You can see these values defined as wrun and hrun, here:

    if (w>h) {
      x = w/2-(w-h)/2-1;
      y = h/2;
      wrun=w-h+1;
      hrun=0;
    } else {
      x = w/2;
      y = h/2+(h-w)/2;
      wrun=0;
      hrun=h-w;
    }

That is how Winder is able to return a correct rectangular mapping given only the width and height of the image, and no other information.

Also note that the “center” is also no longer the center. it is offset by half the difference in edge length. For example, if the image is 50 pixels higher than wide, the initial center position is 25 pixels higher.

x = w/2;
y = h/2+(h-w)/2;

Hi,

What you say it makes perfect sense - only that i was thinking in those terms … oh well. I saw your answer after i actually fixed my own code to do the spiral. And now works well with any n x m matrix.
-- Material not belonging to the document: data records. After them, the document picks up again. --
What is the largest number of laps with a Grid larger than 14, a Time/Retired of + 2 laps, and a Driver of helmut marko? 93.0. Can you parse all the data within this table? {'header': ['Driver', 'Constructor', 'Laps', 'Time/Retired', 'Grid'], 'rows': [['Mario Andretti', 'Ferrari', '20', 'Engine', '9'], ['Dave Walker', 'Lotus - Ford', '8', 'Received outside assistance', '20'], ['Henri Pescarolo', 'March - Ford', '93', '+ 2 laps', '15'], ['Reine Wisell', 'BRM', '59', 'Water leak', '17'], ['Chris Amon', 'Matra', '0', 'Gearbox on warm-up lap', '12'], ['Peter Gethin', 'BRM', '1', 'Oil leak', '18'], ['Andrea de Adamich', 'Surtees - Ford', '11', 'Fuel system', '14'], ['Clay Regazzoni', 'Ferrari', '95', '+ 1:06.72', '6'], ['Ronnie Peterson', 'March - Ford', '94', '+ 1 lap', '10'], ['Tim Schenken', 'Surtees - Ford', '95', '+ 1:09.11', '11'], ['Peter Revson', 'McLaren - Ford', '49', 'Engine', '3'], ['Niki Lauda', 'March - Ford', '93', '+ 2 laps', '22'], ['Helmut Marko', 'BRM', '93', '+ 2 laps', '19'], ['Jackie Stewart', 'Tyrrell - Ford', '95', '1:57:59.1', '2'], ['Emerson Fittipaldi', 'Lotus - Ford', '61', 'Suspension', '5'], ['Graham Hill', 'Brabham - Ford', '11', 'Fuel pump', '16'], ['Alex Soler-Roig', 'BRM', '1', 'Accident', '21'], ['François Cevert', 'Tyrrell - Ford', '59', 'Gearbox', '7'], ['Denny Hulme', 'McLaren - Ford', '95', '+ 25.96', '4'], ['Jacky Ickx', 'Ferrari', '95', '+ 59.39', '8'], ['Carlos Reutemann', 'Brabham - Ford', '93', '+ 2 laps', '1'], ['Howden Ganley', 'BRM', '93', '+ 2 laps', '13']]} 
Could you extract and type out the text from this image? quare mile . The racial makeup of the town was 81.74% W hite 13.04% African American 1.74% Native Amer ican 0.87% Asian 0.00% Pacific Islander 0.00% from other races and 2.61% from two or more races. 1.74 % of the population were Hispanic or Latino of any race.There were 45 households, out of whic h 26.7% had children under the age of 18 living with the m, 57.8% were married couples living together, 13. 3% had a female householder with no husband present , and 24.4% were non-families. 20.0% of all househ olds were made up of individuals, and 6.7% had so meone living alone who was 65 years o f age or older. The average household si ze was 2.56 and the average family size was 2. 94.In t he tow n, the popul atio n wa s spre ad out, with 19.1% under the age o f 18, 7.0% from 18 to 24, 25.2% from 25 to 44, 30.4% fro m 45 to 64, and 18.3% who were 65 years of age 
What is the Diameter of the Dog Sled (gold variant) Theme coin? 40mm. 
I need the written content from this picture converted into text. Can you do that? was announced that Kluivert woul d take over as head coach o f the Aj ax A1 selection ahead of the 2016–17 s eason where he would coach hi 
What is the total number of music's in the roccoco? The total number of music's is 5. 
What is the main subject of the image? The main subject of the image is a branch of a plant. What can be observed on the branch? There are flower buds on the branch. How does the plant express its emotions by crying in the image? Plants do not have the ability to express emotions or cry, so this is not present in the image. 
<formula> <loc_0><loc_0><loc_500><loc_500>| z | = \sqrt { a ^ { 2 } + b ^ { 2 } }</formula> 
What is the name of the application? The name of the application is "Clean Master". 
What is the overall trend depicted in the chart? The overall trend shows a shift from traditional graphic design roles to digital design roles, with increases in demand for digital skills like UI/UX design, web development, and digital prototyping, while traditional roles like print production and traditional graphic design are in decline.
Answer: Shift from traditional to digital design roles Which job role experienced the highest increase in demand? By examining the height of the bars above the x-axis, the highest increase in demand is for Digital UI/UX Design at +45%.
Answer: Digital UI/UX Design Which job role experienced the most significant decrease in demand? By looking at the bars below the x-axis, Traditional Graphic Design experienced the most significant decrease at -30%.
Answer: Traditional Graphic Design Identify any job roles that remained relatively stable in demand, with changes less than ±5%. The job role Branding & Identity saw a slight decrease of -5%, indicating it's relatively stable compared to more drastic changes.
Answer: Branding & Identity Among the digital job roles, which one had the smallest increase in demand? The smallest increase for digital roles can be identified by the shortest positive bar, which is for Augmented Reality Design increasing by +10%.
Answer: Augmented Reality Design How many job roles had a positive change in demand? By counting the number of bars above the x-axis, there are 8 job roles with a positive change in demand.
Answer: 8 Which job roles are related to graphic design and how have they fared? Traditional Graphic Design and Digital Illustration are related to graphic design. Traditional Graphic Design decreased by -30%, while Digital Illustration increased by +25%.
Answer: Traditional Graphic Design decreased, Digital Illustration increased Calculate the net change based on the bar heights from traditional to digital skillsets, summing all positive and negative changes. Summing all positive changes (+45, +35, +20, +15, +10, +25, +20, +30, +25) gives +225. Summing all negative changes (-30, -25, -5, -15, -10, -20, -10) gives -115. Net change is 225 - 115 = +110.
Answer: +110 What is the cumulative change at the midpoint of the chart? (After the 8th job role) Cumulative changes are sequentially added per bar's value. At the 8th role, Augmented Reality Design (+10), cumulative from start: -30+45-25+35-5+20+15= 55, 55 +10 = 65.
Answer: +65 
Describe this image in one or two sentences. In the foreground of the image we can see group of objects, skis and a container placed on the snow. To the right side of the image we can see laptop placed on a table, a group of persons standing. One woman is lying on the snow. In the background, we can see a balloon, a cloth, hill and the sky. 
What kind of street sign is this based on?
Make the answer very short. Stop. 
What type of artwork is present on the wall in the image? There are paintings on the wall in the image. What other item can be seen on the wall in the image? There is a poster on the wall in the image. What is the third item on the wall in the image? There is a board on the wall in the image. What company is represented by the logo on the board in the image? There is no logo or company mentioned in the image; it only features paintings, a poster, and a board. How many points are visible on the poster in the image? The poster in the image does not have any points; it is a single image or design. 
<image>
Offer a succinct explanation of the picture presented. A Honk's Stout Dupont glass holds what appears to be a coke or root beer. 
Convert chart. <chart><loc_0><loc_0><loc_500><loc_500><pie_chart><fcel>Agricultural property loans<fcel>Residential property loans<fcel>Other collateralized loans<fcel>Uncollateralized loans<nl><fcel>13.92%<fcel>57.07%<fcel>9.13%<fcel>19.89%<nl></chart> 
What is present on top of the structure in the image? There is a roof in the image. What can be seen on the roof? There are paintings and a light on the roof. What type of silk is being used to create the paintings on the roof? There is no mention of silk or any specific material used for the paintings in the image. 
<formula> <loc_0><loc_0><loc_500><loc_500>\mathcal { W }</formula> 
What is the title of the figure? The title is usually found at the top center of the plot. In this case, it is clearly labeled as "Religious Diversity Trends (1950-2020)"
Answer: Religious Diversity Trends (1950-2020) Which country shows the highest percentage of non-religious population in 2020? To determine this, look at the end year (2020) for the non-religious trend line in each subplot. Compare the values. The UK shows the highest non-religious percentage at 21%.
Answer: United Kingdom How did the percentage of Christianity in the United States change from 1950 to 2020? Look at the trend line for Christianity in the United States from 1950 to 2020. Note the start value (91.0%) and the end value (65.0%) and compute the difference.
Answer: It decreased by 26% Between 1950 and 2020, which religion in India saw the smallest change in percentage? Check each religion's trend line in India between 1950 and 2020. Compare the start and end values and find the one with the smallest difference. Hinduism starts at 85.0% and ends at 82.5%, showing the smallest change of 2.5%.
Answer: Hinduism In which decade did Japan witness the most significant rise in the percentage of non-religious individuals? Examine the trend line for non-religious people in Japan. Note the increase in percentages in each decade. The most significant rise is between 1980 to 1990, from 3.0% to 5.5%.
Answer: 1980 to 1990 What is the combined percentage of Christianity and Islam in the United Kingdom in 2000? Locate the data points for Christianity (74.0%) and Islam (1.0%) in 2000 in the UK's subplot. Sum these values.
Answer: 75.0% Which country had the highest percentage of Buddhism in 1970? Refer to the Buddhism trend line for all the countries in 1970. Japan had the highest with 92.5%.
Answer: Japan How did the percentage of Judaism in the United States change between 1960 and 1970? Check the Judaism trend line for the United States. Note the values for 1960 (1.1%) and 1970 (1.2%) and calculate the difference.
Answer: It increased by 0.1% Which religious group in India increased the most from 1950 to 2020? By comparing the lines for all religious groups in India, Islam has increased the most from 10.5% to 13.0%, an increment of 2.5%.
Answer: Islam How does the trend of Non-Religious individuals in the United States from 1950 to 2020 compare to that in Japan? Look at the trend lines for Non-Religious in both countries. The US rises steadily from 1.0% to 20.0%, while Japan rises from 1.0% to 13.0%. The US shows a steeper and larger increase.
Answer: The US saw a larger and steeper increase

here it is the results, FINALY :wink:

and here it is my spiral code - evidently in R:

spiral1.decomp <- function(r1, c1){
require(pracma)
# for any matrix, with no. rows r1 > 3, and no.cols c1 >3
new <- data.frame()
if(r1<=c1) n1 <- ceil(r1/2) else n1 <- ceil(c1/2)
if(r1<= c1 & mod(r1, 2)==1 | r1 > c1 & mod(c1,2)==1){
for (i in 1:(n1-1)){
yc1 <- seq(i, (c1-i))
xr1 <- rep(i, length(yc1))
xr2 <- seq(i, (r1-i))
yc2 <- rep((c1-i+1), length(xr2))
yc3<- seq((c1-i+1),(i+1))
xr3 <- rep((r1-i+1), length(yc3))
xr4 <- seq((r1-i+1), (i+1))
yc4 <- rep(i, length(xr4))
m1 <- data.frame(xr=c(xr1, xr2, xr3, xr4), yc=c(yc1, yc2, yc3, yc4))
new <- rbind(new, m1)
} 
i<- n1
if(r1<=c1){
if (c1-n1!=1) yc1 <- seq(i, c1-1) else yc1 <- i
xr1 <- rep(i, length(yc1))
} else {
if(r1-n1!=1) xr1 <- seq(i, r1-1) else xr1 <- i
yc1 <- rep(i, length(xr1))
}
m1 <- data.frame(xr=xr1, yc=yc1)
new <- rbind(new, m1)
} else {
for (i in 1:n1){
yc1 <- seq(i, (c1-i))
xr1 <- rep(i, length(yc1))
xr2 <- seq(i, (r1-i))
yc2 <- rep((c1-i+1), length(xr2))
yc3<- seq((c1-i+1),(i+1))
xr3 <- rep((r1-i+1), length(yc3))
xr4 <- seq((r1-i+1), (i+1))
yc4 <- rep(i, length(xr4))
m1 <- data.frame(xr=c(xr1, xr2, xr3, xr4), yc=c(yc1, yc2, yc3, yc4))
new <- rbind(new, m1)
} 
}
return(new)
}

Not the most elegant code, or fast, but it definitely works, which is what i asked up to now. Thanks for sending me the spiral challenge, i saw code on the internet for it in python and C++ and so on, but none in R, so at least i am happy i was able to do it in the end. I am sure it can be done better in R though.